Now I'm about 31 weeks pregnant and still having trouble due to his weight (which hasn't gotten any better despite having a talk about it after he found my post). On top of that, my libido has pretty much tanked due to the smooshing problem -- and the total lack of seduction or foreplay in our relationship lately. When he wants to be intimate, he pretty much just fondles my chest (which is painful for obvious reasons) for a minute then gets right to business. The whole ordeal is usually about 15-30 minutes long and leaves me feeling pretty irritated or sad as I rarely get any satisfaction out of it. It's hard to have fun with it when I haven't been warmed up at all, and am not emotionally engaged on any level as I don't even get to make out with my husband before he gets on with it. 

I have no idea what to do with all these things now. When he came across my other post in July, he was very melancholy and mopey, but he swore he would work on it to be healthy and get our lives back to normal. Instead, more things just keep popping up and I'm starting to get depressed between the high cholesterol, the blood pressure, the lack of help around the house or with our kids, and the bedroom problems. Plus we fight a lot more because he's getting relief while I go to bed pretty disappointed and feeling neglected in general.  I try not to be grouchy but it's hard when you haven't had any satisfaction in bed for nearly 5 months. Hell, he only touches me when he wants sex and doesn't seem to care if I'm ready or not, so sometimes I really want to leave the house and not come back. Unfortunately our two daughters and the unborn baby keep me here despite my frustration so I stick it out and force myself to remain civil.

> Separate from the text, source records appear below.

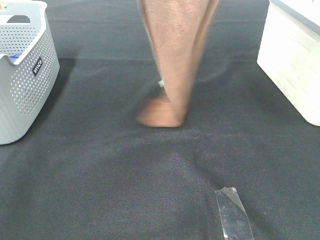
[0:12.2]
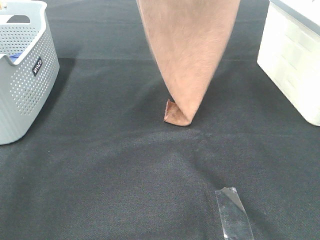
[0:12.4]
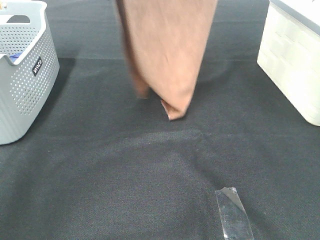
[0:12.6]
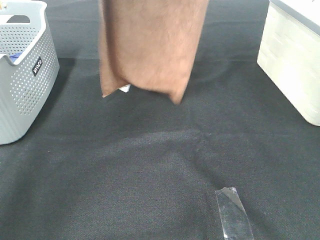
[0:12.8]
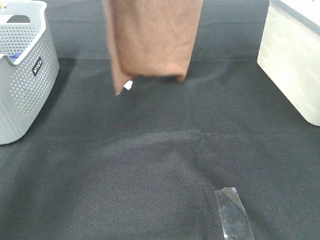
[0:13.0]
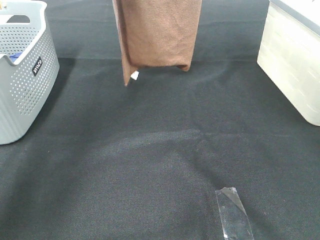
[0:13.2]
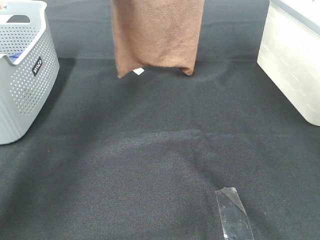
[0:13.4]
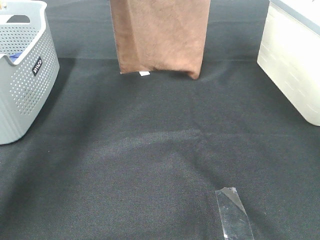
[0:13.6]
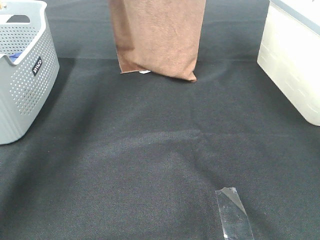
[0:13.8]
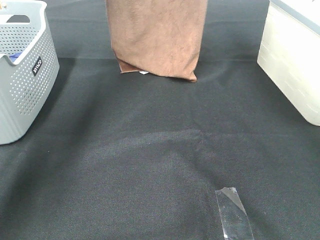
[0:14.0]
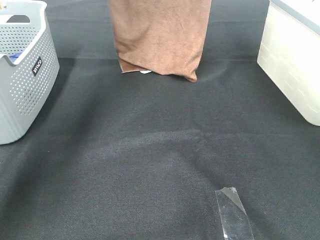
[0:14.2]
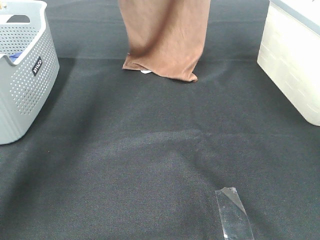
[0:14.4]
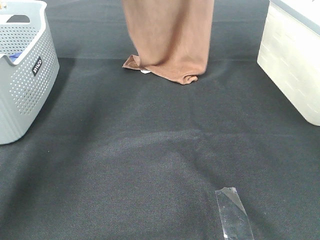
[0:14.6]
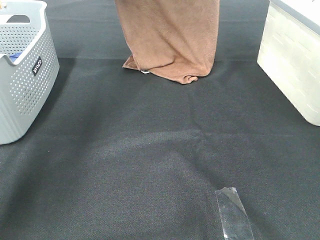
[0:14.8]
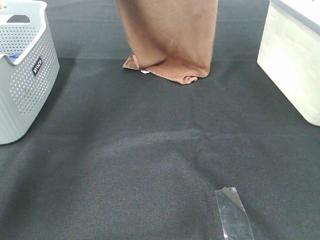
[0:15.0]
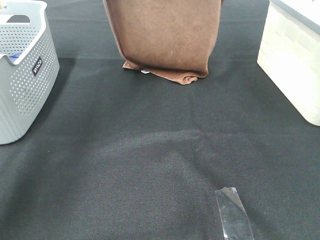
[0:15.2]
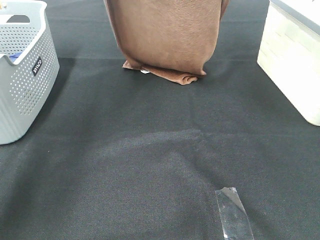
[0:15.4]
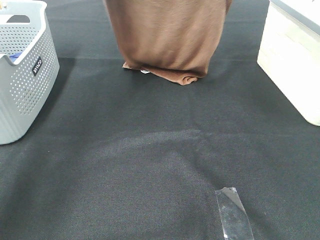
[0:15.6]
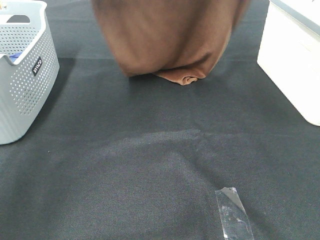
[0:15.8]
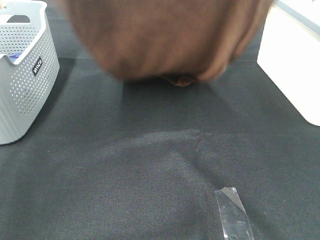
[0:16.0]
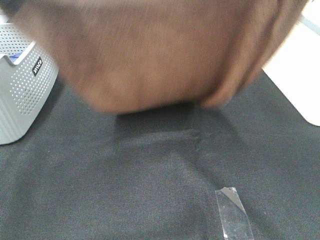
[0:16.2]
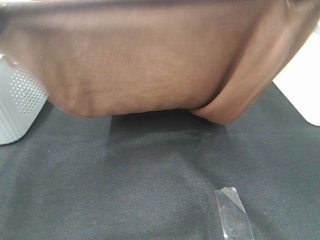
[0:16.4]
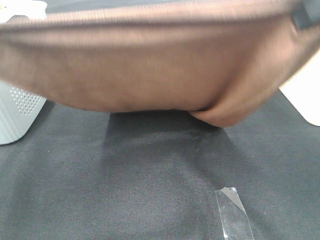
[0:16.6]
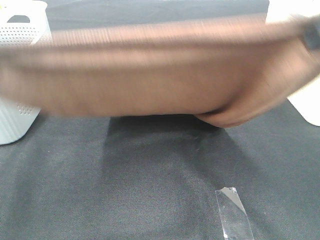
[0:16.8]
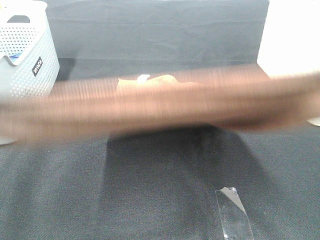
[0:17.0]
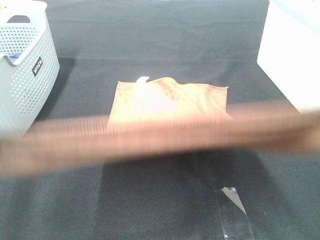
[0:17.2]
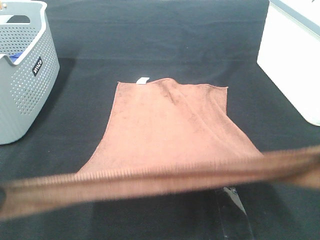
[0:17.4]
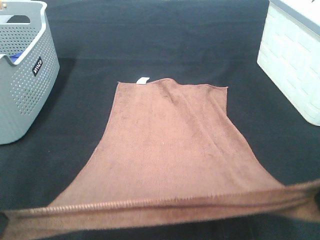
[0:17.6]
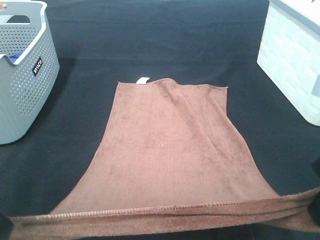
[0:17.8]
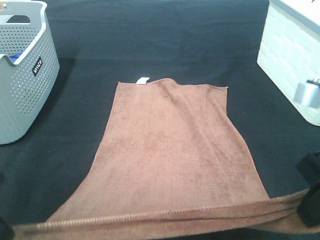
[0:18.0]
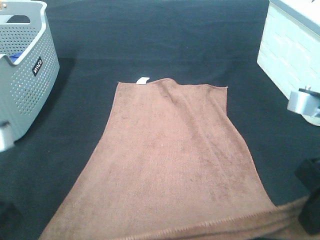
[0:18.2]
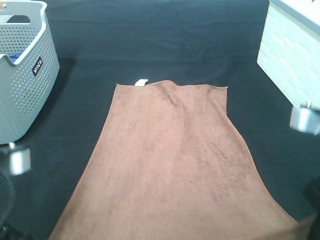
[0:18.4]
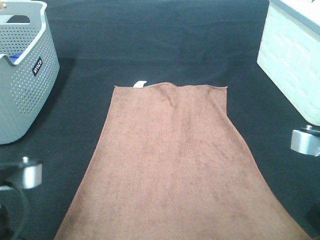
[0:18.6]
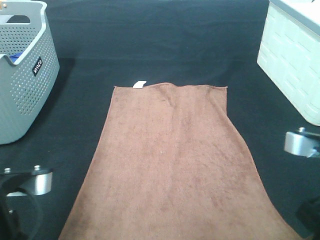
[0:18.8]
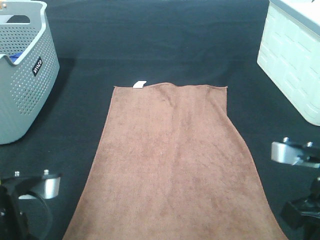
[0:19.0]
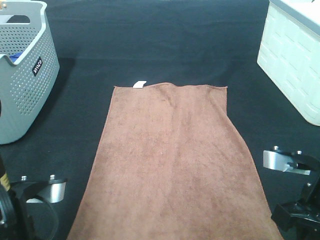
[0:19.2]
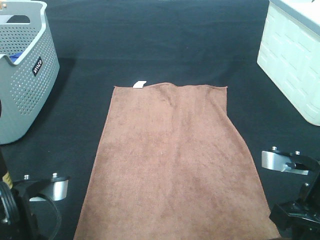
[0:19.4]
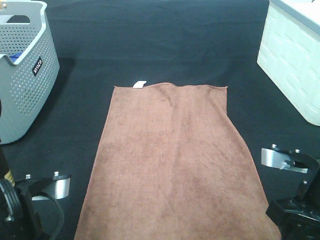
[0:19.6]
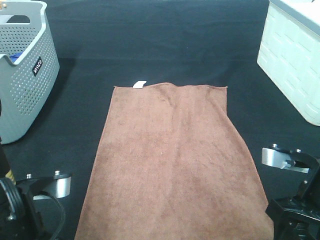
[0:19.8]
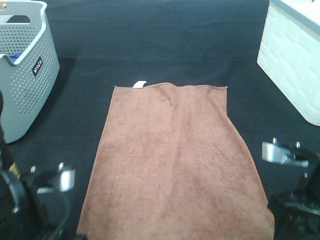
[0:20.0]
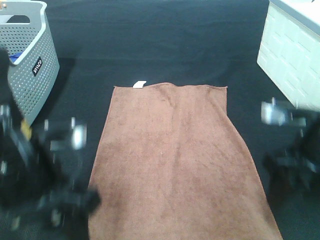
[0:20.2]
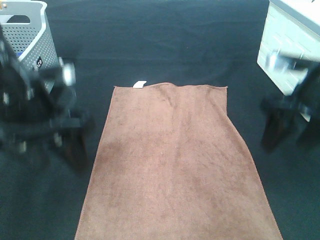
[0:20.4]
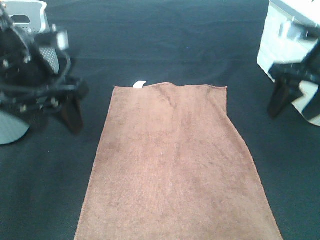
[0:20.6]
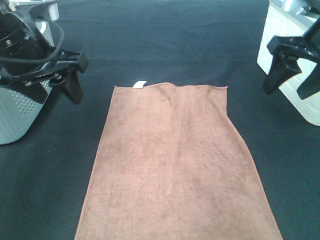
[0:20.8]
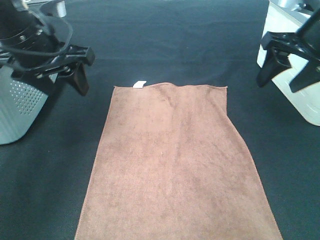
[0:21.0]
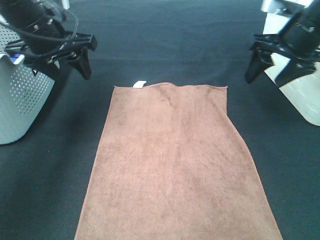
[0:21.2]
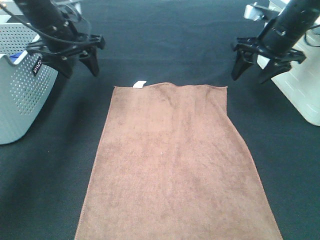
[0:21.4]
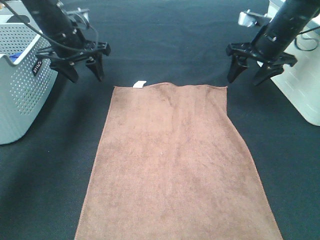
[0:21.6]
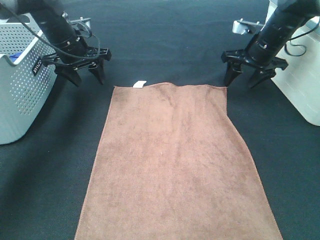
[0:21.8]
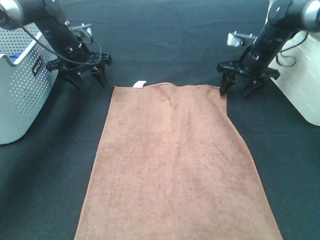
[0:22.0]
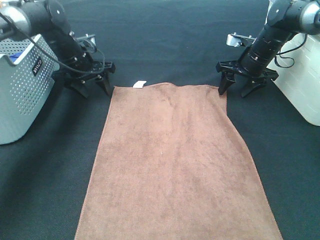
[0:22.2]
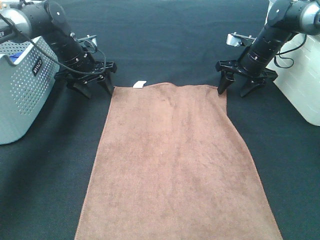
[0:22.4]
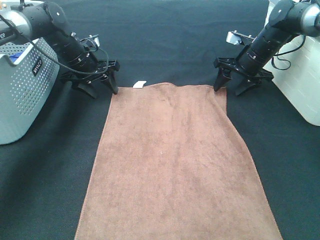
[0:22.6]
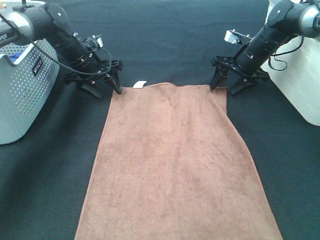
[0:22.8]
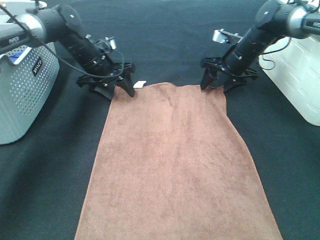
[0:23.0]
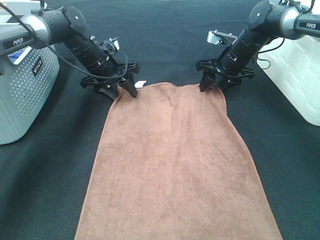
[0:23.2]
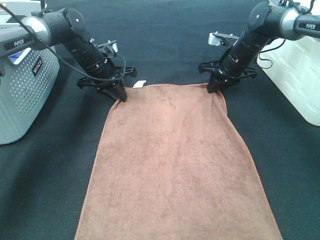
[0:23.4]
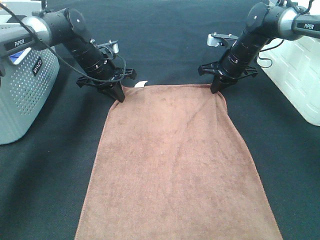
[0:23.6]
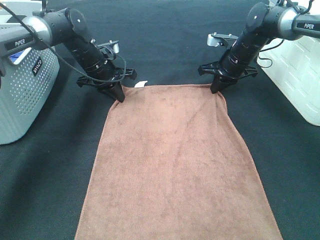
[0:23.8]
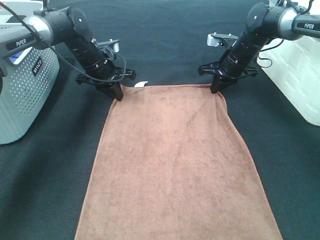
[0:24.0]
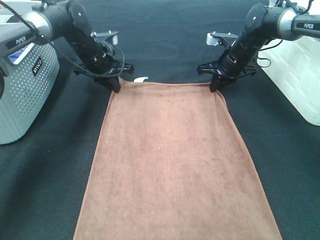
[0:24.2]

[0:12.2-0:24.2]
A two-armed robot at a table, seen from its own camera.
Task of the whole recording: Remove the towel and place it.
Step, 0:12.2 to 0:15.8: Left hand: spread the brown towel flat on the table.
Step, 0:12.2 to 0:15.8: Right hand: spread the brown towel flat on the table.
Step, 0:16.0 to 0:23.8: Left hand:adjust the brown towel.
Step, 0:16.0 to 0:23.8: Right hand:adjust the brown towel.
0:12.2 to 0:13.8: The right gripper goes about 15 cm forward; the left gripper shifts about 20 cm forward and downward.
0:13.8 to 0:15.2: The two grippers go approximately 10 cm backward.
0:15.2 to 0:16.6: The grippers both shift backward by approximately 25 cm.
0:16.6 to 0:18.2: Both grippers move downward, approximately 15 cm.
0:18.2 to 0:19.8: Both grippers move downward, approximately 5 cm. The left gripper opens. The right gripper opens up.
0:19.8 to 0:21.2: Both grippers move forward, some 25 cm.
0:21.2 to 0:22.6: The two grippers go about 20 cm downward and forward.
0:22.6 to 0:24.2: The right gripper closes its fingers. The left gripper closes up.

I'm not sure there are any good suggestions on how to fix things right now, but I would love to hear if anyone has found a way to cope without going insane. And no, it isn't my physical condition or appearance -- I've only gained 8 pounds and was thin to begin with, and I am fastidious about my hygiene. He likes to have sex with me but is just being a jerk about it these days.


----------



## toolate (Sep 22, 2009)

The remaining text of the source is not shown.